▶ PROVIDED INFORMATION:

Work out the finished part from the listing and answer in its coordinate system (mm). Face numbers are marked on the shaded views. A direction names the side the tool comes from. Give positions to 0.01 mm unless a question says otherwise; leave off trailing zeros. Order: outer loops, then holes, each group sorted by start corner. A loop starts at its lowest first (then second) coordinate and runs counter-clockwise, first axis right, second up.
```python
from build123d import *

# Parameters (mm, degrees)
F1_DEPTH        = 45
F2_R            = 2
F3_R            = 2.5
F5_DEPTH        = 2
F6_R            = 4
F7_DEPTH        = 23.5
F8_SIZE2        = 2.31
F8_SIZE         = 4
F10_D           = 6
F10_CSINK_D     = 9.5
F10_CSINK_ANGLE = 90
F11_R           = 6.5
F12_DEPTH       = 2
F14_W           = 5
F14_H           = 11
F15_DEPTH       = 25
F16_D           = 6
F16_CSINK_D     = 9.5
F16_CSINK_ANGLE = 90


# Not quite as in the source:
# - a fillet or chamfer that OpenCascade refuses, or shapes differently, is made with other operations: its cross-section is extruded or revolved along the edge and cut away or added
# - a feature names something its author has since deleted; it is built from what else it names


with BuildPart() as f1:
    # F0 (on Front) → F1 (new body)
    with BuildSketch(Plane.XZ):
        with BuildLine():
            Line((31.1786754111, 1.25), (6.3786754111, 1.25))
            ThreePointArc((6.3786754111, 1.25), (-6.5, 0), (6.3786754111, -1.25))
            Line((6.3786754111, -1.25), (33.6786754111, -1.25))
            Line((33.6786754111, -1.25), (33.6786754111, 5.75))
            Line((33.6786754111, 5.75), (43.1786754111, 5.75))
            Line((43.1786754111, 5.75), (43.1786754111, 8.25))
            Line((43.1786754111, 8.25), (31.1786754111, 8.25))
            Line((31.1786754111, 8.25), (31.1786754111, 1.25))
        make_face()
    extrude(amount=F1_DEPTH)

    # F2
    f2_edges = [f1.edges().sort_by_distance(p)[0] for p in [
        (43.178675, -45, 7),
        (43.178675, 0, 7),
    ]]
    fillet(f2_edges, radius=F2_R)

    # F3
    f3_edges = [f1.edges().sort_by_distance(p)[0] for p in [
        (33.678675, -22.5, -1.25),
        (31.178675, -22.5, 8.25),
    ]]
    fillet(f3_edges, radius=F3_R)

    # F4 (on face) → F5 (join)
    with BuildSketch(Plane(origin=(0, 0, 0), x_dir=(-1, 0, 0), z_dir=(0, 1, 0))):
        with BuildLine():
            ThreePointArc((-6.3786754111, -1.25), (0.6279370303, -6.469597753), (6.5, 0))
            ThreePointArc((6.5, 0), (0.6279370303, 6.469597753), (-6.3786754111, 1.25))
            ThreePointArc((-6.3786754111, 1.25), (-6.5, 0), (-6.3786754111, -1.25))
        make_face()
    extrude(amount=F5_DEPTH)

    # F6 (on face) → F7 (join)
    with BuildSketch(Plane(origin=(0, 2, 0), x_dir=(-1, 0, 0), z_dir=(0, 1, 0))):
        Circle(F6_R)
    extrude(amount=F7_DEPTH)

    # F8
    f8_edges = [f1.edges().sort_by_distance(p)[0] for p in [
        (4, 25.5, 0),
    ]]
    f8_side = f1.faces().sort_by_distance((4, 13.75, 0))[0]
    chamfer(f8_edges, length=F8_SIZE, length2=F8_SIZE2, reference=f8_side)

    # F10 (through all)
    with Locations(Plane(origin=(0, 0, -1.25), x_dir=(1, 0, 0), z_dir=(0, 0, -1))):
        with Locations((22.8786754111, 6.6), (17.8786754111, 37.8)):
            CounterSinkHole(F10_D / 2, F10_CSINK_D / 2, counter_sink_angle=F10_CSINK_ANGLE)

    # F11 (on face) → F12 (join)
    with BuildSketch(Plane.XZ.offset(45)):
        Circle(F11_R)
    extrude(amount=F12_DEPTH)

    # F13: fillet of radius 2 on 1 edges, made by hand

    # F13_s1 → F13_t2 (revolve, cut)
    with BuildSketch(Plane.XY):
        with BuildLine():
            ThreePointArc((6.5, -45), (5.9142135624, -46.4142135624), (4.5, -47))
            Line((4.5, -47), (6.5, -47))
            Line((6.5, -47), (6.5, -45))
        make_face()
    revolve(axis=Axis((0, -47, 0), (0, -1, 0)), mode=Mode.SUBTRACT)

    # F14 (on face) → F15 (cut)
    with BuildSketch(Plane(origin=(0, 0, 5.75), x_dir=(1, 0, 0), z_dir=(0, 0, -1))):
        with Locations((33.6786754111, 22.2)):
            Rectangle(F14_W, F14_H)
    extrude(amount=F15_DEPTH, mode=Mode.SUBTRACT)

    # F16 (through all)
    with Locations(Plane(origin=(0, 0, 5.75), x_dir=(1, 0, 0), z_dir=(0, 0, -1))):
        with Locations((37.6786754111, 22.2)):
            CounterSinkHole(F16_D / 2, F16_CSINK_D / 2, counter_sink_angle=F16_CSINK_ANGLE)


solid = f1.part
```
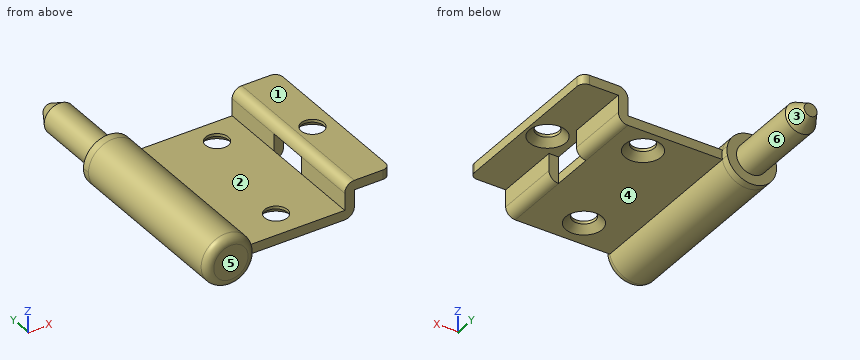
1. Which of the six approach directions +Z, -Z, +X, -X, +Y, -Y give full straight-line access (tool end or side, diameter ignored) to the marked faces 4, 5 and 6?
Findings below:
face 4: -Z, +X, +Y, -Y
face 5: +Z, -Z, +X, -X, -Y
face 6: +Y
2. Straight lines are drawn through the part: probe 1 along Y at (x, z) = (33, 5.25); probe 2 along Z at (x, y) = (7.5, -14). For each, find the intervals that lie inside material, in ascending order.
Findings below:
probe 1: y = -45 to -27.7, -16.7 to 0
probe 2: z = -1.25 to 1.25
3. Given P1, Ø2, axis at x = 6.5, y = 18, coming from the +Z side; P2, Ø5, axis at y = -37, z = 4, coming from the -X side; P3, Ø1.2, axis at x = 32, z = 1, coming from the -Y side; P4, Ø4, axis at x = 12.5, y = -27.5, coming from the +Z side, each flat-ended and moving along its own axis, determine where each tip first touches the part or whether it passes through.
Findings below:
P1: passes through
P2: stops at x = -6.32
P3: stops at y = -45
P4: stops at z = 1.25
4. The part is cut by section B-B (x = 0). Write down the section's boundary in (y, z), then the cut area to 3 significant figures.
Findings below:
outline: (-47, -4.5) arc R2 ccw to (-45, -6.5) - (2, -6.5) - (2, -4) - (21.5, -4) - (25.5, -1.69) - (25.5, 1.69) - (21.5, 4) - (2, 4) - (2, 6.5) - (-45, 6.5) arc R2 ccw to (-47, 4.5) - close
area: 814 mm2
5. The mould has two halves that part along X. Classify the marked faces 1, 2 and 3: pulls with the +X half, pulls with the -X half, needs draft (parallel to the pull), parting line crosses it, or undercut.
Findings below:
face 1: needs draft
face 2: undercut
face 3: parting line crosses it
6. The part is cut by section A-A (y = -6.6). Write down the section's boundary in (x, z).
Findings below:
outline: (6.38, -1.25) - (18.13, -1.25) - (19.88, 0.5) - (19.88, 1.25) - (6.38, 1.25) arc R6.5 ccw (long way) to start; (25.88, 0.5) - (27.63, -1.25) - (31.18, -1.25) arc R2.5 ccw to (33.68, 1.25) - (33.68, 5.75) - (43.18, 5.75) - (43.18, 8.25) - (33.68, 8.25) arc R2.5 ccw to (31.18, 5.75) - (31.18, 1.25) - (25.88, 1.25) - close
7. The part is cut by section C-C (y = -23). State how many separate pieces and enclosed holes the cut face has, then the cut area to 3 significant figures.
Findings below:
separate pieces: 3
enclosed holes: 0
area: 206 mm2
8. The part is cut by section D-D (y = 11.5). Write down the section's boundary in (x, z), then the cut area to 3 significant figures.
Findings below:
outline: circle Ø8 at (0, 0)
area: 50.3 mm2

▶ TASK REQUIREMENTS: All of the entries, apart from the pictures, must be returned exactly.

▶ RESPONSE TO THE EXERCISE:
Work out the finished part from the listing and answer in its coordinate system (mm). Face numbers are marked on the shaded views. A direction names the side the tool comes from. Give positions to 0.01 mm unless a question says otherwise; leave off trailing zeros. Order: outer loops, then holes, each group sorted by start corner. A loop starts at its lowest first (then second) coordinate and runs counter-clockwise, first axis right, second up.
```python
from build123d import *

# Parameters (mm, degrees)
F1_DEPTH        = 45
F2_R            = 2
F3_R            = 2.5
F5_DEPTH        = 2
F6_R            = 4
F7_DEPTH        = 23.5
F8_SIZE2        = 2.31
F8_SIZE         = 4
F10_D           = 6
F10_CSINK_D     = 9.5
F10_CSINK_ANGLE = 90
F11_R           = 6.5
F12_DEPTH       = 2
F14_W           = 5
F14_H           = 11
F15_DEPTH       = 25
F16_D           = 6
F16_CSINK_D     = 9.5
F16_CSINK_ANGLE = 90


# Not quite as in the source:
# - a fillet or chamfer that OpenCascade refuses, or shapes differently, is made with other operations: its cross-section is extruded or revolved along the edge and cut away or added
# - a feature names something its author has since deleted; it is built from what else it names


with BuildPart() as f1:
    # F0 (on Front) → F1 (new body)
    with BuildSketch(Plane.XZ):
        with BuildLine():
            Line((31.1786754111, 1.25), (6.3786754111, 1.25))
            ThreePointArc((6.3786754111, 1.25), (-6.5, 0), (6.3786754111, -1.25))
            Line((6.3786754111, -1.25), (33.6786754111, -1.25))
            Line((33.6786754111, -1.25), (33.6786754111, 5.75))
            Line((33.6786754111, 5.75), (43.1786754111, 5.75))
            Line((43.1786754111, 5.75), (43.1786754111, 8.25))
            Line((43.1786754111, 8.25), (31.1786754111, 8.25))
            Line((31.1786754111, 8.25), (31.1786754111, 1.25))
        make_face()
    extrude(amount=F1_DEPTH)

    # F2
    f2_edges = [f1.edges().sort_by_distance(p)[0] for p in [
        (43.178675, -45, 7),
        (43.178675, 0, 7),
    ]]
    fillet(f2_edges, radius=F2_R)

    # F3
    f3_edges = [f1.edges().sort_by_distance(p)[0] for p in [
        (33.678675, -22.5, -1.25),
        (31.178675, -22.5, 8.25),
    ]]
    fillet(f3_edges, radius=F3_R)

    # F4 (on face) → F5 (join)
    with BuildSketch(Plane(origin=(0, 0, 0), x_dir=(-1, 0, 0), z_dir=(0, 1, 0))):
        with BuildLine():
            ThreePointArc((-6.3786754111, -1.25), (0.6279370303, -6.469597753), (6.5, 0))
            ThreePointArc((6.5, 0), (0.6279370303, 6.469597753), (-6.3786754111, 1.25))
            ThreePointArc((-6.3786754111, 1.25), (-6.5, 0), (-6.3786754111, -1.25))
        make_face()
    extrude(amount=F5_DEPTH)

    # F6 (on face) → F7 (join)
    with BuildSketch(Plane(origin=(0, 2, 0), x_dir=(-1, 0, 0), z_dir=(0, 1, 0))):
        Circle(F6_R)
    extrude(amount=F7_DEPTH)

    # F8
    f8_edges = [f1.edges().sort_by_distance(p)[0] for p in [
        (4, 25.5, 0),
    ]]
    f8_side = f1.faces().sort_by_distance((4, 13.75, 0))[0]
    chamfer(f8_edges, length=F8_SIZE, length2=F8_SIZE2, reference=f8_side)

    # F10 (through all)
    with Locations(Plane(origin=(0, 0, -1.25), x_dir=(1, 0, 0), z_dir=(0, 0, -1))):
        with Locations((22.8786754111, 6.6), (17.8786754111, 37.8)):
            CounterSinkHole(F10_D / 2, F10_CSINK_D / 2, counter_sink_angle=F10_CSINK_ANGLE)

    # F11 (on face) → F12 (join)
    with BuildSketch(Plane.XZ.offset(45)):
        Circle(F11_R)
    extrude(amount=F12_DEPTH)

    # F13: fillet of radius 2 on 1 edges, made by hand

    # F13_s1 → F13_t2 (revolve, cut)
    with BuildSketch(Plane.XY):
        with BuildLine():
            ThreePointArc((6.5, -45), (5.9142135624, -46.4142135624), (4.5, -47))
            Line((4.5, -47), (6.5, -47))
            Line((6.5, -47), (6.5, -45))
        make_face()
    revolve(axis=Axis((0, -47, 0), (0, -1, 0)), mode=Mode.SUBTRACT)

    # F14 (on face) → F15 (cut)
    with BuildSketch(Plane(origin=(0, 0, 5.75), x_dir=(1, 0, 0), z_dir=(0, 0, -1))):
        with Locations((33.6786754111, 22.2)):
            Rectangle(F14_W, F14_H)
    extrude(amount=F15_DEPTH, mode=Mode.SUBTRACT)

    # F16 (through all)
    with Locations(Plane(origin=(0, 0, 5.75), x_dir=(1, 0, 0), z_dir=(0, 0, -1))):
        with Locations((37.6786754111, 22.2)):
            CounterSinkHole(F16_D / 2, F16_CSINK_D / 2, counter_sink_angle=F16_CSINK_ANGLE)


solid = f1.part
```
1. Which of the six approach directions +Z, -Z, +X, -X, +Y, -Y give full straight-line access (tool end or side, diameter ignored) to the marked faces 4, 5 and 6?
Findings below:
face 4: -Z, +X, +Y, -Y
face 5: +Z, -Z, +X, -X, -Y
face 6: +Y
2. Straight lines are drawn through the part: probe 1 along Y at (x, z) = (33, 5.25); probe 2 along Z at (x, y) = (7.5, -14). For each, find the intervals that lie inside material, in ascending order.
Findings below:
probe 1: y = -45 to -27.7, -16.7 to 0
probe 2: z = -1.25 to 1.25
3. Given P1, Ø2, axis at x = 6.5, y = 18, coming from the +Z side; P2, Ø5, axis at y = -37, z = 4, coming from the -X side; P3, Ø1.2, axis at x = 32, z = 1, coming from the -Y side; P4, Ø4, axis at x = 12.5, y = -27.5, coming from the +Z side, each flat-ended and moving along its own axis, determine where each tip first touches the part or whether it passes through.
Findings below:
P1: passes through
P2: stops at x = -6.32
P3: stops at y = -45
P4: stops at z = 1.25
4. The part is cut by section B-B (x = 0). Write down the section's boundary in (y, z), then the cut area to 3 significant figures.
Findings below:
outline: (-47, -4.5) arc R2 ccw to (-45, -6.5) - (2, -6.5) - (2, -4) - (21.5, -4) - (25.5, -1.69) - (25.5, 1.69) - (21.5, 4) - (2, 4) - (2, 6.5) - (-45, 6.5) arc R2 ccw to (-47, 4.5) - close
area: 814 mm2
5. The mould has two halves that part along X. Classify the marked faces 1, 2 and 3: pulls with the +X half, pulls with the -X half, needs draft (parallel to the pull), parting line crosses it, or undercut.
Findings below:
face 1: needs draft
face 2: undercut
face 3: parting line crosses it
6. The part is cut by section A-A (y = -6.6). Write down the section's boundary in (x, z).
Findings below:
outline: (6.38, -1.25) - (18.13, -1.25) - (19.88, 0.5) - (19.88, 1.25) - (6.38, 1.25) arc R6.5 ccw (long way) to start; (25.88, 0.5) - (27.63, -1.25) - (31.18, -1.25) arc R2.5 ccw to (33.68, 1.25) - (33.68, 5.75) - (43.18, 5.75) - (43.18, 8.25) - (33.68, 8.25) arc R2.5 ccw to (31.18, 5.75) - (31.18, 1.25) - (25.88, 1.25) - close
7. The part is cut by section C-C (y = -23). State how many separate pieces and enclosed holes the cut face has, then the cut area to 3 significant figures.
Findings below:
separate pieces: 3
enclosed holes: 0
area: 206 mm2
8. The part is cut by section D-D (y = 11.5). Write down the section's boundary in (x, z), then the cut area to 3 significant figures.
Findings below:
outline: circle Ø8 at (0, 0)
area: 50.3 mm2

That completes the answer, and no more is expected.